Die Polizei flog ihn mit 150 anderen illegalen Einwanderern nach Texas. Von dort wurde er in die mexikanische Stadt Matamoros abgeschoben. „Wir waren während des Fluges gefesselt wie Schwerverbrecher“, sagt Orozco. Mit den 450 Dollar, die er bei der Verhaftung bei sich getragen hatte, kaufte er ein Flugticket nach Tijuana. Viermal versuchte er seither vergebens, illegal in die USA zurückzukehren. Immer wurde er dabei erwischt.

Während Barack Obamas erster Amtszeit als US-Präsident wurden 1,6 Millionen Personen abgeschoben – 60 Prozent mehr als während George W. Bushs zweiter Amtszeit. Laut einer Studie des mexikanischen Zentrums für angewandte Statistik haben die US-Behörden 2012 allein zwischen Jänner und Juni 46.000 Mütter und Väter von Kindern mit US-Staatsbürgerschaft ausgewiesen.

Viele Abgeschobene sind Väter

Die Wirtschaftskrise in den USA hat zwar den Zustrom illegaler Einwanderer aus dem Süden stark abschwellen lassen. Viele mexikanische Arbeiter, die in Branchen wie dem Baugewerbe beschäftigt waren, sind freiwillig in ihre Heimat zurückgekehrt. Der so genannte Migrationssaldo zwischen Mexiko und den USA liegt deshalb gegenwärtig bei null.

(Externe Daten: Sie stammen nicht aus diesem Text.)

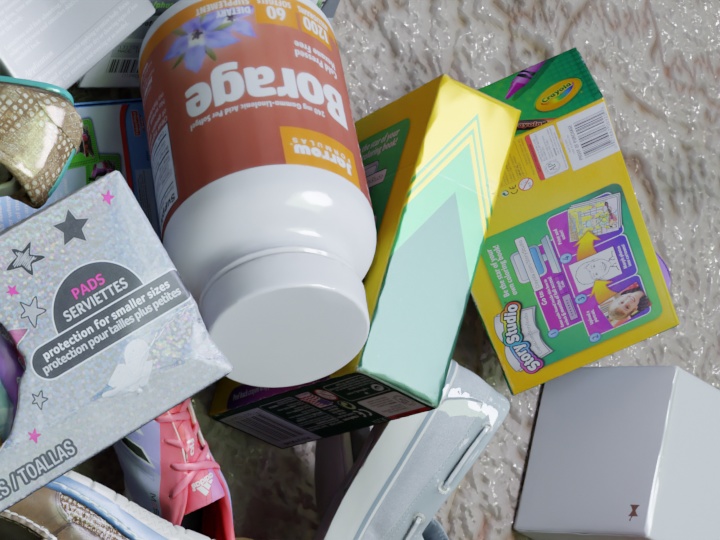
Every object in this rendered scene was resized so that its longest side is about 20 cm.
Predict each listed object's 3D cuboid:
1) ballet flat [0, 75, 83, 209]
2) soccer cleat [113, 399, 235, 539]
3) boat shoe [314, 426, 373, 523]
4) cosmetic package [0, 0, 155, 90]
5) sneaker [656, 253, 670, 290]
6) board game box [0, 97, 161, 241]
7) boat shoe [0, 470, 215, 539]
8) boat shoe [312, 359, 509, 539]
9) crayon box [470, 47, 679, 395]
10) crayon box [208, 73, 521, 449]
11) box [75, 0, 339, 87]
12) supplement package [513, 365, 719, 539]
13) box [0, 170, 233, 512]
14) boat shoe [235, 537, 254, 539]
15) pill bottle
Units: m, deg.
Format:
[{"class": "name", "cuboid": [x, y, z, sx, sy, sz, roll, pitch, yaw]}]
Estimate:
[{"class": "ballet flat", "cuboid": [-0.233, -0.065, 1.095, 0.071, 0.198, 0.066, 84, 14, -69]}, {"class": "soccer cleat", "cuboid": [-0.106, 0.087, 1.236, 0.067, 0.076, 0.201, -34, 130, -31]}, {"class": "boat shoe", "cuboid": [0.011, 0.164, 1.371, 0.057, 0.067, 0.202, -11, 109, -18]}, {"class": "cosmetic package", "cuboid": [-0.208, -0.174, 1.161, 0.201, 0.090, 0.107, 55, 50, -11]}, {"class": "sneaker", "cuboid": [0.145, -0.025, 1.516, 0.200, 0.083, 0.081, 36, 64, -37]}, {"class": "board game box", "cuboid": [-0.175, -0.012, 1.238, 0.199, 0.036, 0.153, -9, 94, -45]}, {"class": "boat shoe", "cuboid": [-0.141, 0.156, 1.190, 0.199, 0.072, 0.073, 21, 54, -11]}, {"class": "boat shoe", "cuboid": [0.019, 0.143, 1.285, 0.071, 0.070, 0.202, 27, 108, -3]}, {"class": "crayon box", "cuboid": [0.113, -0.026, 1.426, 0.118, 0.058, 0.201, -23, 130, 2]}, {"class": "crayon box", "cuboid": [0.000, 0.000, 1.290, 0.058, 0.200, 0.174, 25, 70, -20]}, {"class": "box", "cuboid": [-0.067, -0.191, 1.252, 0.155, 0.041, 0.201, -4, 133, -34]}, {"class": "supplement package", "cuboid": [0.217, 0.151, 1.553, 0.199, 0.116, 0.118, 28, 69, -40]}, {"class": "box", "cuboid": [-0.179, 0.051, 1.102, 0.199, 0.132, 0.115, -32, 93, -12]}, {"class": "boat shoe", "cuboid": [-0.096, 0.247, 1.277, 0.201, 0.070, 0.070, -54, 144, -26]}, {"class": "pill bottle", "cuboid": [-0.052, -0.045, 1.205, 0.112, 0.112, 0.201, 27, 38, -40]}]
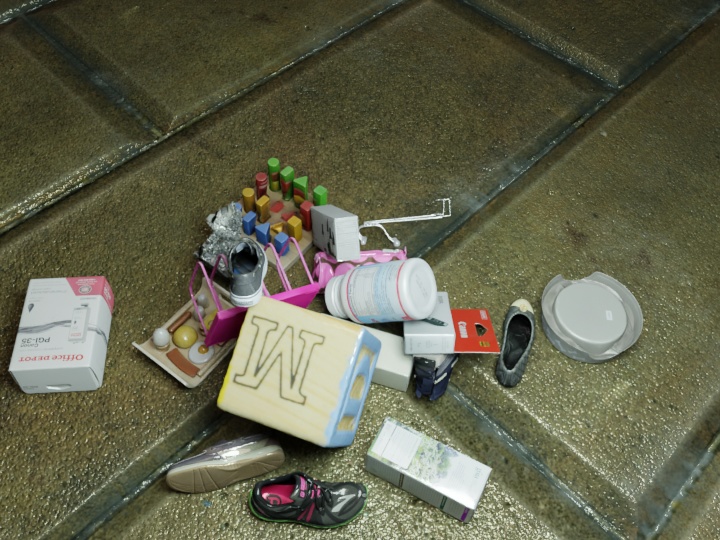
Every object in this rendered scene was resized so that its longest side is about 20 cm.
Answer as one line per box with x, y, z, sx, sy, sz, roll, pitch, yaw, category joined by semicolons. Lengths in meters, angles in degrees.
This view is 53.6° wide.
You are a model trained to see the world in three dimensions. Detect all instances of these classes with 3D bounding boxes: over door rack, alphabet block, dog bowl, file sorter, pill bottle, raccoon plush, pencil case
0.092;-0.092;1.474;0.198;0.148;0.067;-17;95;2;over door rack
-0.095;0.173;1.203;0.198;0.195;0.198;16;79;14;alphabet block
0.453;0.095;1.420;0.197;0.059;0.202;2;54;-2;dog bowl
-0.203;0.034;1.324;0.198;0.139;0.126;-16;72;-29;file sorter
0.034;0.042;1.318;0.198;0.109;0.109;-8;42;39;pill bottle
-0.240;-0.042;1.451;0.199;0.097;0.135;37;78;-10;raccoon plush
0.000;0.000;1.442;0.197;0.095;0.091;-3;35;-7;pencil case

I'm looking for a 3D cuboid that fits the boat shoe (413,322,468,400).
0.151;0.167;1.349;0.074;0.094;0.200;10;23;27;boat shoe

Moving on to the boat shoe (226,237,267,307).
-0.194;-0.017;1.187;0.069;0.067;0.201;-1;29;-3;boat shoe

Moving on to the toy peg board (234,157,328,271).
-0.179;-0.134;1.529;0.199;0.098;0.199;32;58;20;toy peg board

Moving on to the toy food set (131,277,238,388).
-0.314;0.113;1.359;0.143;0.061;0.200;31;57;19;toy food set

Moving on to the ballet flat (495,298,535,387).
0.307;0.135;1.382;0.066;0.057;0.201;15;54;7;ballet flat

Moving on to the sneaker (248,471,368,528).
-0.085;0.374;1.164;0.197;0.084;0.077;-2;54;-4;sneaker

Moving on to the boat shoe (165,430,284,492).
-0.229;0.321;1.208;0.198;0.072;0.065;-13;42;-9;boat shoe

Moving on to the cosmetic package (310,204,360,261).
-0.053;-0.077;1.403;0.050;0.084;0.200;-6;12;-16;cosmetic package

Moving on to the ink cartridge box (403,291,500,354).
0.166;0.095;1.343;0.171;0.044;0.200;-1;20;3;ink cartridge box

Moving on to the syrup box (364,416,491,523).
0.113;0.336;1.205;0.198;0.082;0.079;24;57;14;syrup box

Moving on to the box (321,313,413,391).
0.004;0.154;1.343;0.198;0.069;0.083;17;55;9;box

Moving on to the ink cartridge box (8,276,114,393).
-0.551;0.117;1.328;0.145;0.083;0.202;-2;53;-5;ink cartridge box

Doch werden im Rahmen eines „Secure Community“ genannten Programms immer mehr illegale Einwanderer verhaftet und abgeschoben, die sich längst nicht mehr in der Grenzregion befinden, sondern anderswo in den USA leben.

2005 betrug der Anteil der Abgeschobenen, die sich mehr als ein Jahr im Land aufgehalten hatten, sechs Prozent. 2012 waren es bereits 35 Prozent, und davon wiederum waren dreiviertel Familienväter. „Noch vor einigen Jahren konnte sich ein illegaler Einwanderer relativ sicher fühlen, wenn er das Grenzgebiet erst einmal verlassen hatte. Heute nicht mehr“, sagt die Migrationsexpertin Alejandra Castañeda.

Orozco hat nur noch ein Ziel im Leben: zurück nach Kalifornien, heim zu seiner Frau und den Kindern. Einer der täglich im Hilfswerk frühstückenden Migranten kenne einen sicheren Weg auf die andere Seite. In zwei Wochen werden die beiden Männer versuchen, in einem sechsstündigen Fußmarsch durch die Wüste wieder in die USA zu gelangen. Laut Schätzungen der US-Grenzpolizei liegen die Erfolgschancen für einen illegalen Migranten trotz Grenzmauern und Überwachungstechnik noch immer bei 50 Prozent.

Auf einen Blick

Während Barack Obamas erster Amtszeit als US-Präsident wurden 60 Prozent mehr Einwanderer aus den USA abgeschoben als während der zweiten Amtszeit George W. Bushs. Laut einer Studie des mexikanischen Zentrums für angewandte Statistik haben die US-Behörden im Vorjahr allein zwischen Jänner und Juni 46.000 Mütter und Väter von Kindern mit amerikanischer Staatsbürgerschaft ausgewiesen.